You are most welcom  :Smile:  - used to make that with me gran along with so many other things was nice to share it broght back many many happy memories  :Smile:

----------


## Dreamweaver

I've made this again today  ::  but tweaked the recipe a bit as I'm out of marshmallows and have more white choc than anything else  :: .

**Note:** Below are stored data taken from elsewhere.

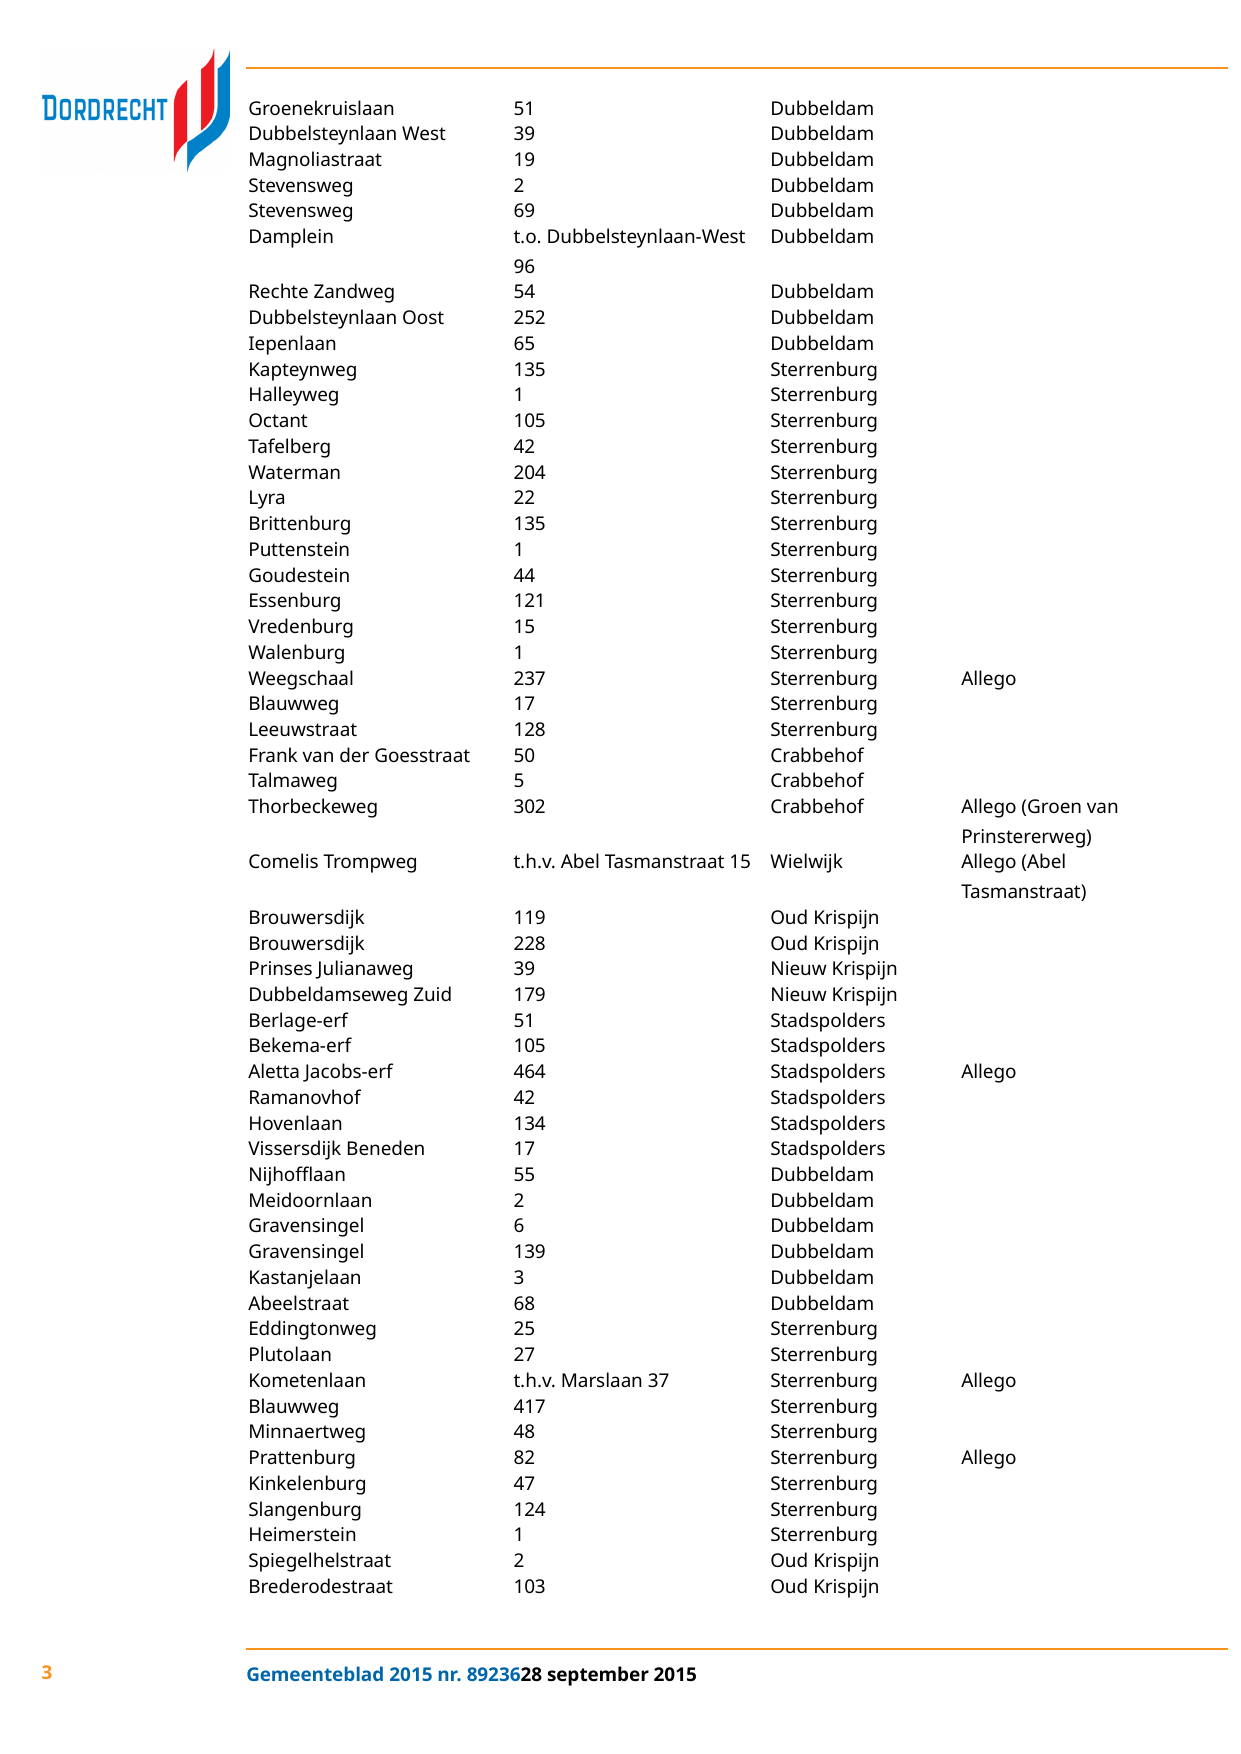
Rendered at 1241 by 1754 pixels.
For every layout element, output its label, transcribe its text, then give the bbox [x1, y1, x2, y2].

table_cell 1 [513, 639, 770, 665]
table_cell Dubbeldam [770, 146, 961, 172]
table_cell 135 [513, 510, 770, 536]
table_cell Sterrenburg [770, 536, 961, 562]
table_cell Goudestein [248, 562, 513, 587]
table_cell Vredenburg [248, 613, 513, 639]
table_cell 128 [513, 716, 770, 742]
table_cell Blauwweg [248, 1393, 513, 1418]
table_cell 25 [513, 1316, 770, 1341]
table_cell 103 [513, 1573, 770, 1599]
table_cell 39 [513, 955, 770, 981]
table_cell [961, 588, 1152, 613]
table_cell [961, 330, 1152, 356]
table_cell Sterrenburg [770, 485, 961, 510]
table_cell [961, 1136, 1152, 1161]
table_cell [961, 408, 1152, 433]
table_cell Sterrenburg [770, 1496, 961, 1521]
table_cell Thorbeckeweg [248, 793, 513, 849]
table_cell Stadspolders [770, 1136, 961, 1161]
table_cell Brederodestraat [248, 1573, 513, 1599]
table_cell Oud Krispijn [770, 930, 961, 955]
table_cell [961, 1547, 1152, 1573]
table_cell [961, 1393, 1152, 1418]
table_cell [961, 459, 1152, 484]
table_cell Heimerstein [248, 1521, 513, 1547]
table_cell Dubbeldam [770, 121, 961, 146]
table_cell Eddingtonweg [248, 1316, 513, 1341]
table_cell Dubbeldam [770, 1290, 961, 1316]
table_cell [961, 1521, 1152, 1547]
table_cell 121 [513, 588, 770, 613]
table_cell [961, 146, 1152, 172]
table_cell Frank van der Goesstraat [248, 742, 513, 768]
table_cell Allego [961, 1058, 1152, 1084]
table_cell Sterrenburg [770, 408, 961, 433]
table_cell [961, 716, 1152, 742]
table_cell Dubbelsteynlaan West [248, 121, 513, 146]
table_cell Vissersdijk Beneden [248, 1136, 513, 1161]
table_cell Dubbelsteynlaan Oost [248, 305, 513, 330]
table_cell Sterrenburg [770, 1341, 961, 1367]
table_cell Puttenstein [248, 536, 513, 562]
table_cell Crabbehof [770, 742, 961, 768]
table_cell 69 [513, 198, 770, 223]
table_cell Ramanovhof [248, 1084, 513, 1110]
table_cell [961, 510, 1152, 536]
table_cell 3 [513, 1264, 770, 1290]
table_cell Octant [248, 408, 513, 433]
table_cell Stadspolders [770, 1007, 961, 1033]
table_cell Waterman [248, 459, 513, 484]
table_cell [961, 433, 1152, 459]
table_cell t.h.v. Marslaan 37 [513, 1367, 770, 1393]
table_cell Sterrenburg [770, 382, 961, 407]
table_cell [961, 562, 1152, 587]
table_cell Dubbeldam [770, 224, 961, 279]
table_cell Sterrenburg [770, 1316, 961, 1341]
table_cell Sterrenburg [770, 1444, 961, 1470]
table_cell Sterrenburg [770, 459, 961, 484]
table_cell Brittenburg [248, 510, 513, 536]
table_cell Sterrenburg [770, 613, 961, 639]
table_cell [961, 768, 1152, 793]
table_cell 2 [513, 1187, 770, 1213]
table_cell 1 [513, 536, 770, 562]
table_cell 1 [513, 382, 770, 407]
table_cell Leeuwstraat [248, 716, 513, 742]
table_cell Nieuw Krispijn [770, 981, 961, 1007]
table_cell Gravensingel [248, 1213, 513, 1238]
table_cell Sterrenburg [770, 690, 961, 716]
table_cell Oud Krispijn [770, 1573, 961, 1599]
table_cell Sterrenburg [770, 1419, 961, 1444]
table_cell Allego [961, 1367, 1152, 1393]
table_cell Kometenlaan [248, 1367, 513, 1393]
table_cell Sterrenburg [770, 1393, 961, 1418]
table_cell Stadspolders [770, 1084, 961, 1110]
table_cell 65 [513, 330, 770, 356]
table_cell [961, 1110, 1152, 1136]
table_cell [961, 1290, 1152, 1316]
table_cell [961, 1084, 1152, 1110]
table_cell Magnoliastraat [248, 146, 513, 172]
table_cell Dubbeldam [770, 95, 961, 121]
table_cell [961, 1007, 1152, 1033]
table_cell [961, 172, 1152, 198]
table_cell Weegschaal [248, 665, 513, 690]
table_cell 179 [513, 981, 770, 1007]
table_cell Sterrenburg [770, 716, 961, 742]
table_cell [961, 1033, 1152, 1058]
table_cell Sterrenburg [770, 1470, 961, 1496]
table_cell Walenburg [248, 639, 513, 665]
table_cell 47 [513, 1470, 770, 1496]
table_cell Aletta Jacobs-erf [248, 1058, 513, 1084]
table_cell 135 [513, 356, 770, 382]
table_cell Bekema-erf [248, 1033, 513, 1058]
table_cell Brouwersdijk [248, 904, 513, 930]
table_cell 204 [513, 459, 770, 484]
table_cell [961, 95, 1152, 121]
table_cell Rechte Zandweg [248, 279, 513, 304]
table_cell [961, 690, 1152, 716]
table_cell Kapteynweg [248, 356, 513, 382]
table_cell Damplein [248, 224, 513, 279]
table_cell 42 [513, 1084, 770, 1110]
table_cell Crabbehof [770, 793, 961, 849]
table_cell 48 [513, 1419, 770, 1444]
table_cell 134 [513, 1110, 770, 1136]
table_cell Allego (Abel Tasmanstraat) [961, 849, 1152, 904]
table_cell [961, 485, 1152, 510]
table_cell Talmaweg [248, 768, 513, 793]
table_cell 124 [513, 1496, 770, 1521]
table_cell Slangenburg [248, 1496, 513, 1521]
table_cell 237 [513, 665, 770, 690]
table_cell [961, 1213, 1152, 1238]
table_cell Sterrenburg [770, 1367, 961, 1393]
table_cell Dubbeldam [770, 330, 961, 356]
table_cell Allego [961, 1444, 1152, 1470]
table_cell 51 [513, 1007, 770, 1033]
table_cell Dubbeldam [770, 1187, 961, 1213]
table_cell Nieuw Krispijn [770, 955, 961, 981]
table_cell 50 [513, 742, 770, 768]
table_cell Stadspolders [770, 1033, 961, 1058]
table_cell 119 [513, 904, 770, 930]
table_cell Dubbeldam [770, 1213, 961, 1238]
table_cell Minnaertweg [248, 1419, 513, 1444]
table_cell [961, 121, 1152, 146]
table_cell Oud Krispijn [770, 904, 961, 930]
table_cell 252 [513, 305, 770, 330]
table_cell Dubbeldam [770, 1239, 961, 1264]
table_cell [961, 930, 1152, 955]
table_cell Sterrenburg [770, 510, 961, 536]
table_cell [961, 1470, 1152, 1496]
table_cell 105 [513, 408, 770, 433]
table_cell [961, 1316, 1152, 1341]
table_cell 2 [513, 172, 770, 198]
table_cell 68 [513, 1290, 770, 1316]
table_cell Lyra [248, 485, 513, 510]
table_cell Abeelstraat [248, 1290, 513, 1316]
table_cell 302 [513, 793, 770, 849]
table_cell [961, 981, 1152, 1007]
table_cell [961, 1341, 1152, 1367]
table_cell [961, 1573, 1152, 1599]
table_cell Crabbehof [770, 768, 961, 793]
table_cell Stevensweg [248, 172, 513, 198]
table_cell Stadspolders [770, 1058, 961, 1084]
table_cell [961, 742, 1152, 768]
table_cell Hovenlaan [248, 1110, 513, 1136]
table_cell Wielwijk [770, 849, 961, 904]
table_cell 464 [513, 1058, 770, 1084]
table_cell 51 [513, 95, 770, 121]
table_cell Stevensweg [248, 198, 513, 223]
table_cell 5 [513, 768, 770, 793]
table_cell 105 [513, 1033, 770, 1058]
table_cell [961, 305, 1152, 330]
table_cell [961, 1187, 1152, 1213]
table_cell Essenburg [248, 588, 513, 613]
table_cell Sterrenburg [770, 562, 961, 587]
table_cell Tafelberg [248, 433, 513, 459]
table_cell Brouwersdijk [248, 930, 513, 955]
table_cell [961, 198, 1152, 223]
table_cell [961, 279, 1152, 304]
table_cell [961, 382, 1152, 407]
table_cell 2 [513, 1547, 770, 1573]
table_cell Stadspolders [770, 1110, 961, 1136]
table_cell [961, 224, 1152, 279]
table_cell [961, 1264, 1152, 1290]
table_cell [961, 639, 1152, 665]
table_cell Gravensingel [248, 1239, 513, 1264]
table_cell 82 [513, 1444, 770, 1470]
table_cell Iepenlaan [248, 330, 513, 356]
table_cell [961, 613, 1152, 639]
table_cell Halleyweg [248, 382, 513, 407]
table_cell Oud Krispijn [770, 1547, 961, 1573]
table_cell Allego (Groen van Prinstererweg) [961, 793, 1152, 849]
table_cell Dubbeldam [770, 1264, 961, 1290]
table_cell 17 [513, 1136, 770, 1161]
table_cell Sterrenburg [770, 588, 961, 613]
table_cell [961, 904, 1152, 930]
table_cell 27 [513, 1341, 770, 1367]
table_cell 55 [513, 1161, 770, 1187]
table_cell Dubbeldam [770, 172, 961, 198]
table_cell 1 [513, 1521, 770, 1547]
table_cell 17 [513, 690, 770, 716]
table_cell Allego [961, 665, 1152, 690]
table_cell [961, 1419, 1152, 1444]
table_cell Blauwweg [248, 690, 513, 716]
table_cell 417 [513, 1393, 770, 1418]
table_cell Spiegelhelstraat [248, 1547, 513, 1573]
table_cell Sterrenburg [770, 356, 961, 382]
table_cell Meidoornlaan [248, 1187, 513, 1213]
table_cell 139 [513, 1239, 770, 1264]
table_cell t.o. Dubbelsteynlaan-West 96 [513, 224, 770, 279]
table_cell Dubbeldam [770, 198, 961, 223]
table_cell [961, 955, 1152, 981]
table_cell [961, 1496, 1152, 1521]
table_cell Sterrenburg [770, 639, 961, 665]
table_cell Plutolaan [248, 1341, 513, 1367]
table_cell [961, 1161, 1152, 1187]
table_cell Kinkelenburg [248, 1470, 513, 1496]
table_cell 19 [513, 146, 770, 172]
table_cell 54 [513, 279, 770, 304]
table_cell Prinses Julianaweg [248, 955, 513, 981]
table_cell 39 [513, 121, 770, 146]
table_cell Sterrenburg [770, 665, 961, 690]
table_cell Dubbeldam [770, 1161, 961, 1187]
table_cell [961, 356, 1152, 382]
table_cell [961, 536, 1152, 562]
table_cell Prattenburg [248, 1444, 513, 1470]
table_cell 228 [513, 930, 770, 955]
picture [41, 47, 231, 172]
table_cell Berlage-erf [248, 1007, 513, 1033]
table_cell Nijhofflaan [248, 1161, 513, 1187]
table_cell Dubbeldamseweg Zuid [248, 981, 513, 1007]
table_cell Dubbeldam [770, 279, 961, 304]
table_cell Comelis Trompweg [248, 849, 513, 904]
table_cell 15 [513, 613, 770, 639]
table_cell 42 [513, 433, 770, 459]
table_cell Dubbeldam [770, 305, 961, 330]
table_cell Kastanjelaan [248, 1264, 513, 1290]
table_cell 6 [513, 1213, 770, 1238]
table_cell 22 [513, 485, 770, 510]
table_cell [961, 1239, 1152, 1264]
table_cell t.h.v. Abel Tasmanstraat 15 [513, 849, 770, 904]
table_cell 44 [513, 562, 770, 587]
table_cell Sterrenburg [770, 433, 961, 459]
table_cell Groenekruislaan [248, 95, 513, 121]
table_cell Sterrenburg [770, 1521, 961, 1547]

So.... I'll let you know!!

----------


## Allsorts

Big hit in this household too. I made your recipe and then made a milk free version for the kids......they love it too.

----------


## lynne duncan

we did it as well but raisins instead of maltesers and digestives instead ginger snaps

----------


## Dreamweaver

Oh boy, is it good!! Mind I do like the chewiness of the marshmallow but great to ring the changes. I've just got to do another half hour on me cross trainer now to get rid of it  ::

----------


## mumof2

sounds yum, think me and the kids are going to give it a bash this weekend at some point.

----------


## chocolatechip

I made this last Wednesday and it was really SCRUMMY. Will definately be making it again thanks for putting it on! And it managed to stay in the fridge until the weekend!! I told some friends that I had made some, they all asked "Where's Mine" so I will have to make more :Grin:  :Grin:

----------


## Dreamweaver

I made some more using smarties instead of maltesers. Very crunchy  ...mmmmmm  ::

----------


## nightspirit

If ya don't mind a bit of chewieness a bit of hard home made toffee is wonderfull thrown into the mix

----------


## chocolatechip

I am going to do another lot of this as it is so delicous!!!!! But I wondered if I could keep it in the freezer! Just for a few weeks I want to take it away with me to a friends house. Any help would be brilliant! The amount of time will be a minimum of 6 an half weeks!! Thanks for your help :Grin:  :Grin:

----------


## nightspirit

Depends on what you put in it - in my experience the marshmallow does not do too well but then just add other stuff..

----------